[ENTRIES SHOWN]

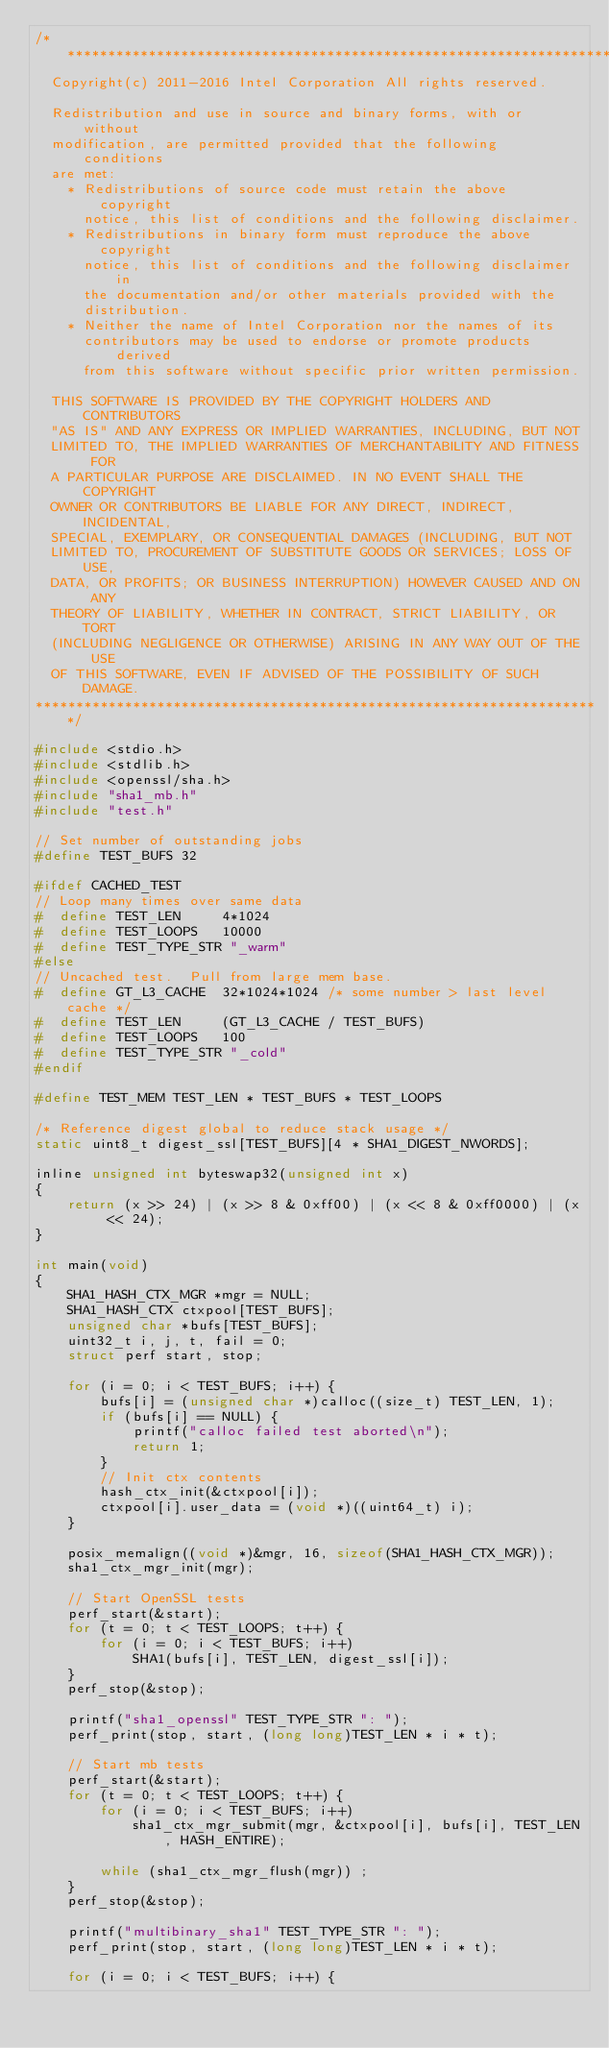Convert code to text. <code><loc_0><loc_0><loc_500><loc_500><_C_>/**********************************************************************
  Copyright(c) 2011-2016 Intel Corporation All rights reserved.

  Redistribution and use in source and binary forms, with or without
  modification, are permitted provided that the following conditions
  are met:
    * Redistributions of source code must retain the above copyright
      notice, this list of conditions and the following disclaimer.
    * Redistributions in binary form must reproduce the above copyright
      notice, this list of conditions and the following disclaimer in
      the documentation and/or other materials provided with the
      distribution.
    * Neither the name of Intel Corporation nor the names of its
      contributors may be used to endorse or promote products derived
      from this software without specific prior written permission.

  THIS SOFTWARE IS PROVIDED BY THE COPYRIGHT HOLDERS AND CONTRIBUTORS
  "AS IS" AND ANY EXPRESS OR IMPLIED WARRANTIES, INCLUDING, BUT NOT
  LIMITED TO, THE IMPLIED WARRANTIES OF MERCHANTABILITY AND FITNESS FOR
  A PARTICULAR PURPOSE ARE DISCLAIMED. IN NO EVENT SHALL THE COPYRIGHT
  OWNER OR CONTRIBUTORS BE LIABLE FOR ANY DIRECT, INDIRECT, INCIDENTAL,
  SPECIAL, EXEMPLARY, OR CONSEQUENTIAL DAMAGES (INCLUDING, BUT NOT
  LIMITED TO, PROCUREMENT OF SUBSTITUTE GOODS OR SERVICES; LOSS OF USE,
  DATA, OR PROFITS; OR BUSINESS INTERRUPTION) HOWEVER CAUSED AND ON ANY
  THEORY OF LIABILITY, WHETHER IN CONTRACT, STRICT LIABILITY, OR TORT
  (INCLUDING NEGLIGENCE OR OTHERWISE) ARISING IN ANY WAY OUT OF THE USE
  OF THIS SOFTWARE, EVEN IF ADVISED OF THE POSSIBILITY OF SUCH DAMAGE.
**********************************************************************/

#include <stdio.h>
#include <stdlib.h>
#include <openssl/sha.h>
#include "sha1_mb.h"
#include "test.h"

// Set number of outstanding jobs
#define TEST_BUFS 32

#ifdef CACHED_TEST
// Loop many times over same data
#  define TEST_LEN     4*1024
#  define TEST_LOOPS   10000
#  define TEST_TYPE_STR "_warm"
#else
// Uncached test.  Pull from large mem base.
#  define GT_L3_CACHE  32*1024*1024	/* some number > last level cache */
#  define TEST_LEN     (GT_L3_CACHE / TEST_BUFS)
#  define TEST_LOOPS   100
#  define TEST_TYPE_STR "_cold"
#endif

#define TEST_MEM TEST_LEN * TEST_BUFS * TEST_LOOPS

/* Reference digest global to reduce stack usage */
static uint8_t digest_ssl[TEST_BUFS][4 * SHA1_DIGEST_NWORDS];

inline unsigned int byteswap32(unsigned int x)
{
	return (x >> 24) | (x >> 8 & 0xff00) | (x << 8 & 0xff0000) | (x << 24);
}

int main(void)
{
	SHA1_HASH_CTX_MGR *mgr = NULL;
	SHA1_HASH_CTX ctxpool[TEST_BUFS];
	unsigned char *bufs[TEST_BUFS];
	uint32_t i, j, t, fail = 0;
	struct perf start, stop;

	for (i = 0; i < TEST_BUFS; i++) {
		bufs[i] = (unsigned char *)calloc((size_t) TEST_LEN, 1);
		if (bufs[i] == NULL) {
			printf("calloc failed test aborted\n");
			return 1;
		}
		// Init ctx contents
		hash_ctx_init(&ctxpool[i]);
		ctxpool[i].user_data = (void *)((uint64_t) i);
	}

	posix_memalign((void *)&mgr, 16, sizeof(SHA1_HASH_CTX_MGR));
	sha1_ctx_mgr_init(mgr);

	// Start OpenSSL tests
	perf_start(&start);
	for (t = 0; t < TEST_LOOPS; t++) {
		for (i = 0; i < TEST_BUFS; i++)
			SHA1(bufs[i], TEST_LEN, digest_ssl[i]);
	}
	perf_stop(&stop);

	printf("sha1_openssl" TEST_TYPE_STR ": ");
	perf_print(stop, start, (long long)TEST_LEN * i * t);

	// Start mb tests
	perf_start(&start);
	for (t = 0; t < TEST_LOOPS; t++) {
		for (i = 0; i < TEST_BUFS; i++)
			sha1_ctx_mgr_submit(mgr, &ctxpool[i], bufs[i], TEST_LEN, HASH_ENTIRE);

		while (sha1_ctx_mgr_flush(mgr)) ;
	}
	perf_stop(&stop);

	printf("multibinary_sha1" TEST_TYPE_STR ": ");
	perf_print(stop, start, (long long)TEST_LEN * i * t);

	for (i = 0; i < TEST_BUFS; i++) {</code>

[/ENTRIES SHOWN]

From the data above, reproduce word for word the lines running from the line with "distribution." to the line with "static uint8_t digest_ssl[TEST_BUFS][4", ends included.

WRITTEN REPLY ▸
      distribution.
    * Neither the name of Intel Corporation nor the names of its
      contributors may be used to endorse or promote products derived
      from this software without specific prior written permission.

  THIS SOFTWARE IS PROVIDED BY THE COPYRIGHT HOLDERS AND CONTRIBUTORS
  "AS IS" AND ANY EXPRESS OR IMPLIED WARRANTIES, INCLUDING, BUT NOT
  LIMITED TO, THE IMPLIED WARRANTIES OF MERCHANTABILITY AND FITNESS FOR
  A PARTICULAR PURPOSE ARE DISCLAIMED. IN NO EVENT SHALL THE COPYRIGHT
  OWNER OR CONTRIBUTORS BE LIABLE FOR ANY DIRECT, INDIRECT, INCIDENTAL,
  SPECIAL, EXEMPLARY, OR CONSEQUENTIAL DAMAGES (INCLUDING, BUT NOT
  LIMITED TO, PROCUREMENT OF SUBSTITUTE GOODS OR SERVICES; LOSS OF USE,
  DATA, OR PROFITS; OR BUSINESS INTERRUPTION) HOWEVER CAUSED AND ON ANY
  THEORY OF LIABILITY, WHETHER IN CONTRACT, STRICT LIABILITY, OR TORT
  (INCLUDING NEGLIGENCE OR OTHERWISE) ARISING IN ANY WAY OUT OF THE USE
  OF THIS SOFTWARE, EVEN IF ADVISED OF THE POSSIBILITY OF SUCH DAMAGE.
**********************************************************************/

#include <stdio.h>
#include <stdlib.h>
#include <openssl/sha.h>
#include "sha1_mb.h"
#include "test.h"

// Set number of outstanding jobs
#define TEST_BUFS 32

#ifdef CACHED_TEST
// Loop many times over same data
#  define TEST_LEN     4*1024
#  define TEST_LOOPS   10000
#  define TEST_TYPE_STR "_warm"
#else
// Uncached test.  Pull from large mem base.
#  define GT_L3_CACHE  32*1024*1024	/* some number > last level cache */
#  define TEST_LEN     (GT_L3_CACHE / TEST_BUFS)
#  define TEST_LOOPS   100
#  define TEST_TYPE_STR "_cold"
#endif

#define TEST_MEM TEST_LEN * TEST_BUFS * TEST_LOOPS

/* Reference digest global to reduce stack usage */
static uint8_t digest_ssl[TEST_BUFS][4 * SHA1_DIGEST_NWORDS];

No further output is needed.